[[ Records provided open ]]

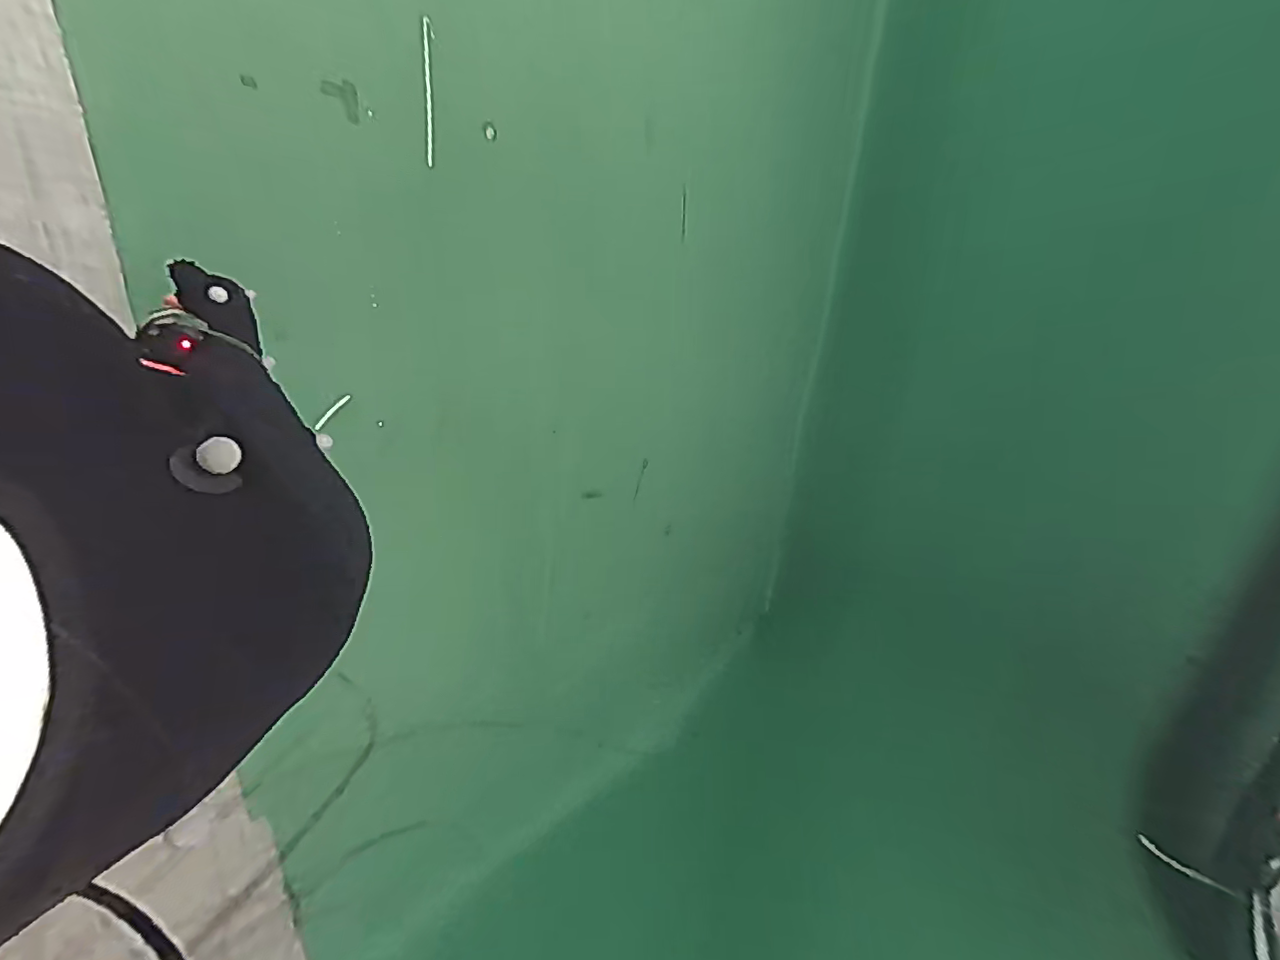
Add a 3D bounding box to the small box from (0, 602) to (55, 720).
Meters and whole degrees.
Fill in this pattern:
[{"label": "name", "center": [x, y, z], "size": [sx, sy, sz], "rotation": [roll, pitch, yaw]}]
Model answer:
[{"label": "small box", "center": [-1.197, 0.328, 0.948], "size": [0.168, 0.176, 0.179], "rotation": [-35, 133, -36]}]
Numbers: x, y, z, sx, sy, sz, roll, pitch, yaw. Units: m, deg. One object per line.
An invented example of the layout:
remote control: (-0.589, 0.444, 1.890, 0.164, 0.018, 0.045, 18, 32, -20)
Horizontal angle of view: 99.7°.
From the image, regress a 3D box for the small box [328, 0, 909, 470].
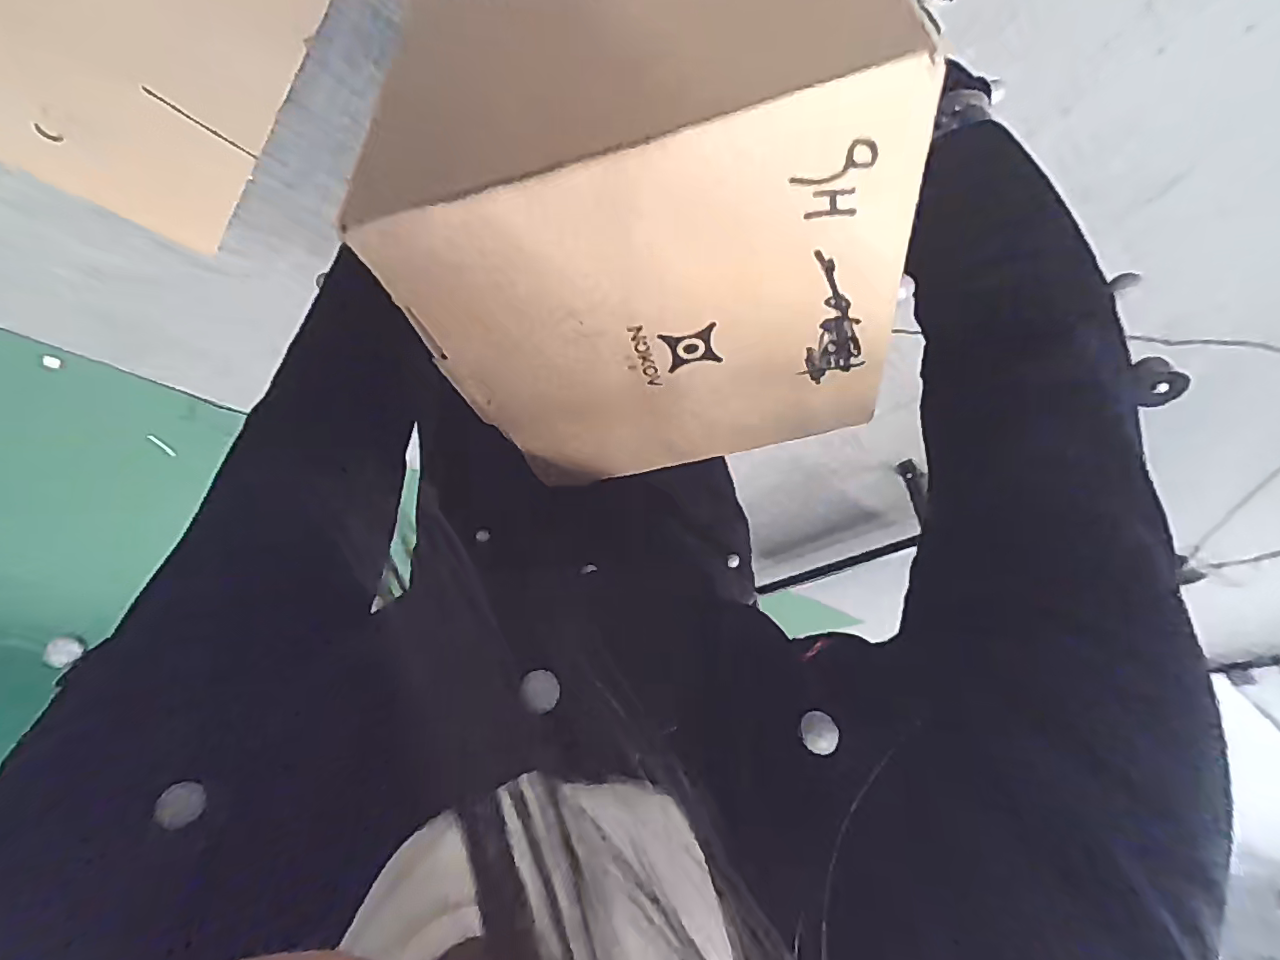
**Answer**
small box: (0.003, -0.131, 0.256, 0.179, 0.176, 0.168, -13, 147, 13)
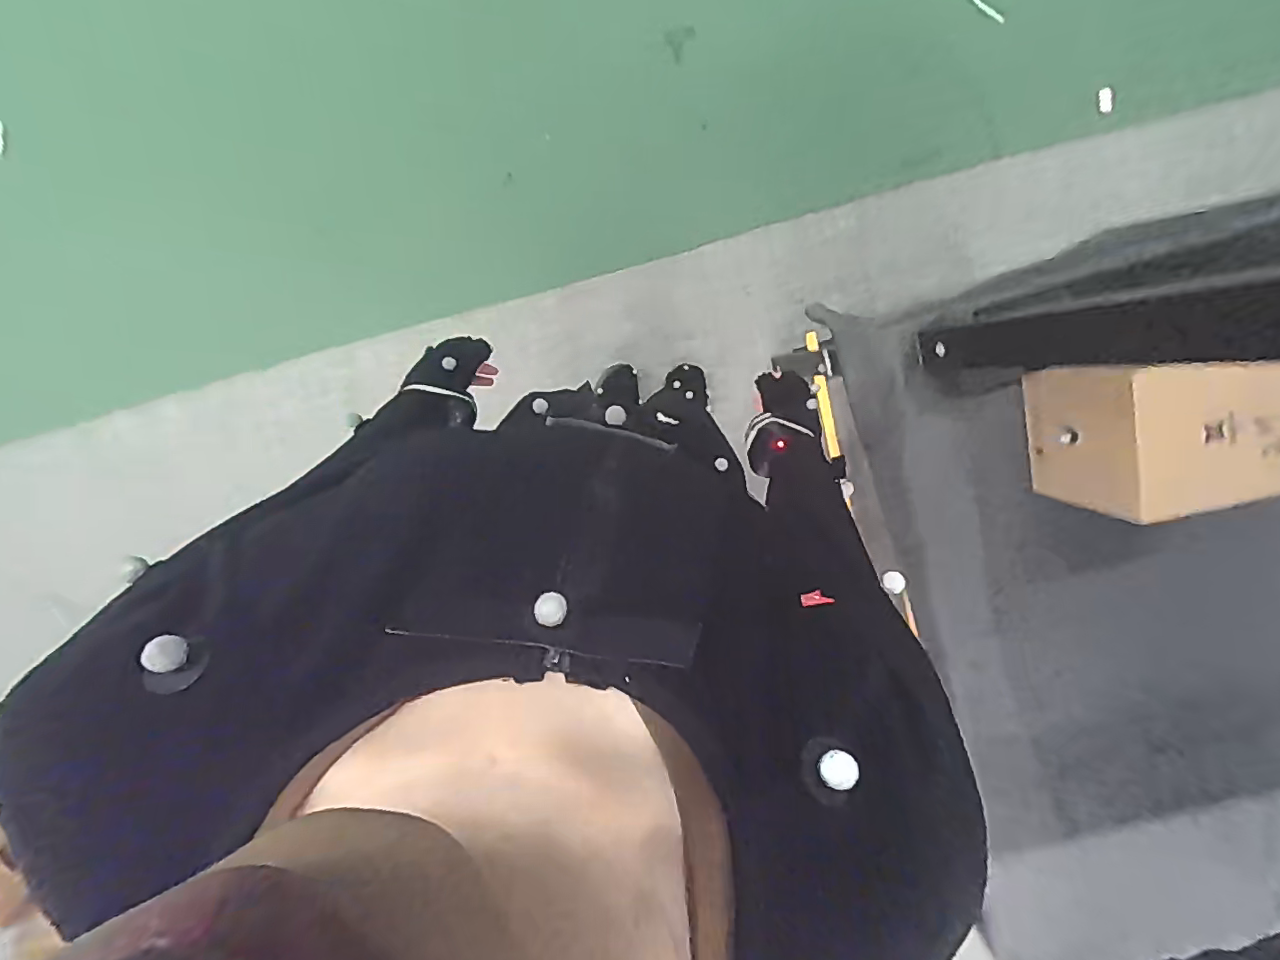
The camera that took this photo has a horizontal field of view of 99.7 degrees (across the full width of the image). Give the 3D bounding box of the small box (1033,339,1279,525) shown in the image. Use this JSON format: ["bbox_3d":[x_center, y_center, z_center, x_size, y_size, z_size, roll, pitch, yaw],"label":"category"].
[{"bbox_3d":[0.600,-0.061,0.637,0.179,0.176,0.168,-13,101,2],"label":"small box"}]

[[ Records provided closed ]]

#### [About this task]
Reproduce each entry precisely; the pictures stay out.

#### [Solution for this task]
Add a 3D bounding box to the small box from (0, 602) to (55, 720).
Meters and whole degrees.
Fill in this pattern:
[{"label": "name", "center": [x, y, z], "size": [sx, sy, sz], "rotation": [roll, pitch, yaw]}]
Model answer:
[{"label": "small box", "center": [-1.197, 0.328, 0.948], "size": [0.168, 0.176, 0.179], "rotation": [-35, 133, -36]}]
Numbers: x, y, z, sx, sy, sz, roll, pitch, yaw. Units: m, deg. One object per line.
An invented example of the layout:
remote control: (-0.589, 0.444, 1.890, 0.164, 0.018, 0.045, 18, 32, -20)
Horizontal angle of view: 99.7°.
From the image, regress a 3D box for the small box [328, 0, 909, 470].
**Answer**
small box: (0.003, -0.131, 0.256, 0.179, 0.176, 0.168, -13, 147, 13)
The camera that took this photo has a horizontal field of view of 99.7 degrees (across the full width of the image). Give the 3D bounding box of the small box (1033,339,1279,525) shown in the image. Use this JSON format: ["bbox_3d":[x_center, y_center, z_center, x_size, y_size, z_size, roll, pitch, yaw],"label":"category"].
[{"bbox_3d":[0.600,-0.061,0.637,0.179,0.176,0.168,-13,101,2],"label":"small box"}]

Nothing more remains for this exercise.